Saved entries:

--------------------------------

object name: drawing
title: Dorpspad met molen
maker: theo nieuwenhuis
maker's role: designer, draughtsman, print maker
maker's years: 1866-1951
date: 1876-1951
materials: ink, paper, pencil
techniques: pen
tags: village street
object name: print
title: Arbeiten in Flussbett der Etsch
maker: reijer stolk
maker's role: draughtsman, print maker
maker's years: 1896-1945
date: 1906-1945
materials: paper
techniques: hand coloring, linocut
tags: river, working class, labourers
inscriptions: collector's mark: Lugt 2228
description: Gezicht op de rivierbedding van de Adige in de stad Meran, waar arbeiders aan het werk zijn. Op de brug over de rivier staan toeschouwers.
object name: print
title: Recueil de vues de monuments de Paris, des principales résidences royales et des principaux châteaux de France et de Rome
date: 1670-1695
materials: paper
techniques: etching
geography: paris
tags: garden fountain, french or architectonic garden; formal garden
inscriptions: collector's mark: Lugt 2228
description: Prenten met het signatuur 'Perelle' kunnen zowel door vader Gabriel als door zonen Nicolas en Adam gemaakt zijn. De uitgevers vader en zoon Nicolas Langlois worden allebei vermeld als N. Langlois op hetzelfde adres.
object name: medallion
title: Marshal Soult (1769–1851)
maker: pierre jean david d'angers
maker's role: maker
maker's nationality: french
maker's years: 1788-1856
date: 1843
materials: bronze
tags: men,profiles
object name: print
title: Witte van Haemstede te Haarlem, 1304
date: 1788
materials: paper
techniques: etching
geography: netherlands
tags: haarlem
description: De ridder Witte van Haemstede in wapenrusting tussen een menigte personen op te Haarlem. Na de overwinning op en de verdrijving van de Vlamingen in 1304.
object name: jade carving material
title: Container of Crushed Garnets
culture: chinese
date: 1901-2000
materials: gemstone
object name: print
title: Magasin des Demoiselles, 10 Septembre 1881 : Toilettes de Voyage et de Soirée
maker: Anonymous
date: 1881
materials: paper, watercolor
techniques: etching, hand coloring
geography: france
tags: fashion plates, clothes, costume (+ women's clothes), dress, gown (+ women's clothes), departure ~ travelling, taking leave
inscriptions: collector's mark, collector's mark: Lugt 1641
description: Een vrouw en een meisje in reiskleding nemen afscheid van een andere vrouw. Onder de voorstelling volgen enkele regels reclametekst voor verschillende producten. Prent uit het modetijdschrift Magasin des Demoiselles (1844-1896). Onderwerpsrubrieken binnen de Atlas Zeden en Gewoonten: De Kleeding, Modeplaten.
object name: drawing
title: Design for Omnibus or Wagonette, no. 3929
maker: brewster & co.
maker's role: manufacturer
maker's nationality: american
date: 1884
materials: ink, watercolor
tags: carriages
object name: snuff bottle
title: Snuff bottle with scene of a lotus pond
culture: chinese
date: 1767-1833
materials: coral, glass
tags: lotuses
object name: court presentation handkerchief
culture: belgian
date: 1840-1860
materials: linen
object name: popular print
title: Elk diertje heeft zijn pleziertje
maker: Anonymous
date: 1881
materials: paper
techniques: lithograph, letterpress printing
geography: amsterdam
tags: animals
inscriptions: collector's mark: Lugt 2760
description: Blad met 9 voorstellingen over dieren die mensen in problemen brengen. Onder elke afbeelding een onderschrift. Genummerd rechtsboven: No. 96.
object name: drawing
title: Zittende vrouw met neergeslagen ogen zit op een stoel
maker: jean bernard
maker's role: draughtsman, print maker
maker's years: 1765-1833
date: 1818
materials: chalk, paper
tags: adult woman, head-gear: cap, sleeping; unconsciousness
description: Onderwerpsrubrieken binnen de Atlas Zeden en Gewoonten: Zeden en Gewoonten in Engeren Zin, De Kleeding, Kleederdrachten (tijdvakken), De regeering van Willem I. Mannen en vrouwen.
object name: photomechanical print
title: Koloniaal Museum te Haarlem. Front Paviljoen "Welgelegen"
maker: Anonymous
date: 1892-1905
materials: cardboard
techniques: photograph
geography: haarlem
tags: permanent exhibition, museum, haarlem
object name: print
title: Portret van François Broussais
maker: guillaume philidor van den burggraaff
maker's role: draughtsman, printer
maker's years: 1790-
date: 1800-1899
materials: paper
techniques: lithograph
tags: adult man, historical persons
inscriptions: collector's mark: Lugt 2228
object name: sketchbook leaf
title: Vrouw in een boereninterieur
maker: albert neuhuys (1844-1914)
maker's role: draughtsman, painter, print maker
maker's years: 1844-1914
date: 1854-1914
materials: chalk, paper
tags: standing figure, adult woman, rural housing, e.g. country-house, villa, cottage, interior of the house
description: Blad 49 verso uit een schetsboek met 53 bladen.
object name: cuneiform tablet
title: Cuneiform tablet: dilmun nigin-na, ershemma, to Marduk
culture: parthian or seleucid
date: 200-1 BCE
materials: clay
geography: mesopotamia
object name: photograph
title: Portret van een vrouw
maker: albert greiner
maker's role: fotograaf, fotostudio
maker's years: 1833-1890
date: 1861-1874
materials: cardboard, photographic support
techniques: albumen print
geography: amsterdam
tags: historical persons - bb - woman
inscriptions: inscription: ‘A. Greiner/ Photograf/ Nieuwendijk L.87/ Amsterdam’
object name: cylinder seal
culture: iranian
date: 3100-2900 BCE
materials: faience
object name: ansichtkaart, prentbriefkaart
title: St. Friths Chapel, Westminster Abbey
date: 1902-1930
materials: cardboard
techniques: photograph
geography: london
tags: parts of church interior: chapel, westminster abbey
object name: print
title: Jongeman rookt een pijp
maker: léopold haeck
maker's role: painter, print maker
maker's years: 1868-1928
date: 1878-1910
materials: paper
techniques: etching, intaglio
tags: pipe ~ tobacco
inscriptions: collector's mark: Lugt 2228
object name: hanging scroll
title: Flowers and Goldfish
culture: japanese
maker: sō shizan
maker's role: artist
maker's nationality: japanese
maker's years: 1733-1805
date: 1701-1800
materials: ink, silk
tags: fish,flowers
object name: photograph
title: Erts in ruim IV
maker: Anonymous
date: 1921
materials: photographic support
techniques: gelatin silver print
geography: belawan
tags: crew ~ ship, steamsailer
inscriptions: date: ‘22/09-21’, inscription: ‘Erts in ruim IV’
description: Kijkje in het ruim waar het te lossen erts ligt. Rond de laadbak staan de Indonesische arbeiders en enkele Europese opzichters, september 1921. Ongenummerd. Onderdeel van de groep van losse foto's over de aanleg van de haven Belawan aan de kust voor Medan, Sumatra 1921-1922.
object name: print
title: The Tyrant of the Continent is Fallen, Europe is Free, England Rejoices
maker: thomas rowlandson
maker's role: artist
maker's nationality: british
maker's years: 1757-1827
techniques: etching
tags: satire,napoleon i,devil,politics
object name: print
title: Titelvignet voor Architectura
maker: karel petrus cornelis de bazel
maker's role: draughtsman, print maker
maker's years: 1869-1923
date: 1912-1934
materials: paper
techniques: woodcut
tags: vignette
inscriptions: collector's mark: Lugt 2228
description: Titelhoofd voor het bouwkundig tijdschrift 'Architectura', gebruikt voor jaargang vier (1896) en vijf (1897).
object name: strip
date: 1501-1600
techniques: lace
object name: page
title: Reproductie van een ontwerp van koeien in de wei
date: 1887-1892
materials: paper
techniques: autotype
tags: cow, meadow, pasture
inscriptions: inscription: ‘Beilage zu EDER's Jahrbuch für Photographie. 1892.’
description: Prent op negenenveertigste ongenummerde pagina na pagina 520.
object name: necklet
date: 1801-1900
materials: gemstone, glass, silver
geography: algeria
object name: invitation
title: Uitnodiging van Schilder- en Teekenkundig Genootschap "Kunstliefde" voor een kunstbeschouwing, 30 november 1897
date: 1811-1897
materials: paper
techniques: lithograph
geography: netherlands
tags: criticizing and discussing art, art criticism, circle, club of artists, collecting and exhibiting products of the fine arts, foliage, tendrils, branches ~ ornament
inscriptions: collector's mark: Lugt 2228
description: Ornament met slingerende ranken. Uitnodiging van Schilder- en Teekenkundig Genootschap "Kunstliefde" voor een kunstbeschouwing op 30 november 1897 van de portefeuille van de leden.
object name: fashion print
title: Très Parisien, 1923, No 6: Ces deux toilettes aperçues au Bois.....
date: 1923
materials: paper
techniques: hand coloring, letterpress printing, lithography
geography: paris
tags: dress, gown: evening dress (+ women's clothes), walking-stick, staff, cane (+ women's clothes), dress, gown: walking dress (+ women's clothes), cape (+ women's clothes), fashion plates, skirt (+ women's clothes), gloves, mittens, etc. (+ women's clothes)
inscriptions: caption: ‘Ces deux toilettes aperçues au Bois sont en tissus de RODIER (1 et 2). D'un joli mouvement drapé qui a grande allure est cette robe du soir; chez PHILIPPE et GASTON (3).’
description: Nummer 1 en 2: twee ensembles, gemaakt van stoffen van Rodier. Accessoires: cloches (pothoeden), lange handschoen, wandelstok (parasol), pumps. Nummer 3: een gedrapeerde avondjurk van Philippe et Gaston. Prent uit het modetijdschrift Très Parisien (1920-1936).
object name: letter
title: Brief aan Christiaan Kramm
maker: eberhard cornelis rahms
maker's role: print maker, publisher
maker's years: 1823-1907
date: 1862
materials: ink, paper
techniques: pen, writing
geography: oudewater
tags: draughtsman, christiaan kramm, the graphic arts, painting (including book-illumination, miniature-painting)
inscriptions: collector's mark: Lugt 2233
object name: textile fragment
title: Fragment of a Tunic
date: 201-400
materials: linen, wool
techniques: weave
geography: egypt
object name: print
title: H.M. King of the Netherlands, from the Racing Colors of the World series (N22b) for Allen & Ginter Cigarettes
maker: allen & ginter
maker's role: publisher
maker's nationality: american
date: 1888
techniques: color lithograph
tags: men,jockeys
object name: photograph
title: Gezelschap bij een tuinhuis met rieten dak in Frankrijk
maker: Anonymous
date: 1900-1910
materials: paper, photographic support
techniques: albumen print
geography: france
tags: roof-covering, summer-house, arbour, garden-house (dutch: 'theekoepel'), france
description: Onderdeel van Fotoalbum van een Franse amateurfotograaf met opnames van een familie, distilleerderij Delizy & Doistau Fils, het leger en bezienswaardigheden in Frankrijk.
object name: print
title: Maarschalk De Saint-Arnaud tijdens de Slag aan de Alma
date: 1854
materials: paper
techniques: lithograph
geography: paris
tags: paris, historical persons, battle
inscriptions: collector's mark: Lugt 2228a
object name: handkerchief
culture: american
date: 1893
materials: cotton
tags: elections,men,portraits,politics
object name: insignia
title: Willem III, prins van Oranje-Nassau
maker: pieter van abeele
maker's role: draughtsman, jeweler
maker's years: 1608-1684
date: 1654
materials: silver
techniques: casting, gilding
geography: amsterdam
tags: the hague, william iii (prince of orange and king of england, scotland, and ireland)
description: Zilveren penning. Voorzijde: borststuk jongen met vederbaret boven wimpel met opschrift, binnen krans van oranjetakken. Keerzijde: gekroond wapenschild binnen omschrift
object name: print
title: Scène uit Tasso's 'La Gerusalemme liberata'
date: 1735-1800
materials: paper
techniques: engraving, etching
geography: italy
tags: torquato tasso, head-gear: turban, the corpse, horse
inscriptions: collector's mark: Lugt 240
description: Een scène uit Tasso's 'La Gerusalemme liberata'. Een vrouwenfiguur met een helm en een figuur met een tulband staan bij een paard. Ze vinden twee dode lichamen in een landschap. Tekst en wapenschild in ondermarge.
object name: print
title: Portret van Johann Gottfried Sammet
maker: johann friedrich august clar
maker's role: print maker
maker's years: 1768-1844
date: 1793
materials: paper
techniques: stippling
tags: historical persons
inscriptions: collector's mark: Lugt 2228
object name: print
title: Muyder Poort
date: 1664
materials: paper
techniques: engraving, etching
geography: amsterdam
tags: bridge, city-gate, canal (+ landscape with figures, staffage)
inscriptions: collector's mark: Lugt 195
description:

--------------------------------

Your task is to quote, without any alteration, the lines running from the top of the records to the line that holds "tags: river, working class, labourers", both included.

object name: drawing
title: Dorpspad met molen
maker: theo nieuwenhuis
maker's role: designer, draughtsman, print maker
maker's years: 1866-1951
date: 1876-1951
materials: ink, paper, pencil
techniques: pen
tags: village street
object name: print
title: Arbeiten in Flussbett der Etsch
maker: reijer stolk
maker's role: draughtsman, print maker
maker's years: 1896-1945
date: 1906-1945
materials: paper
techniques: hand coloring, linocut
tags: river, working class, labourers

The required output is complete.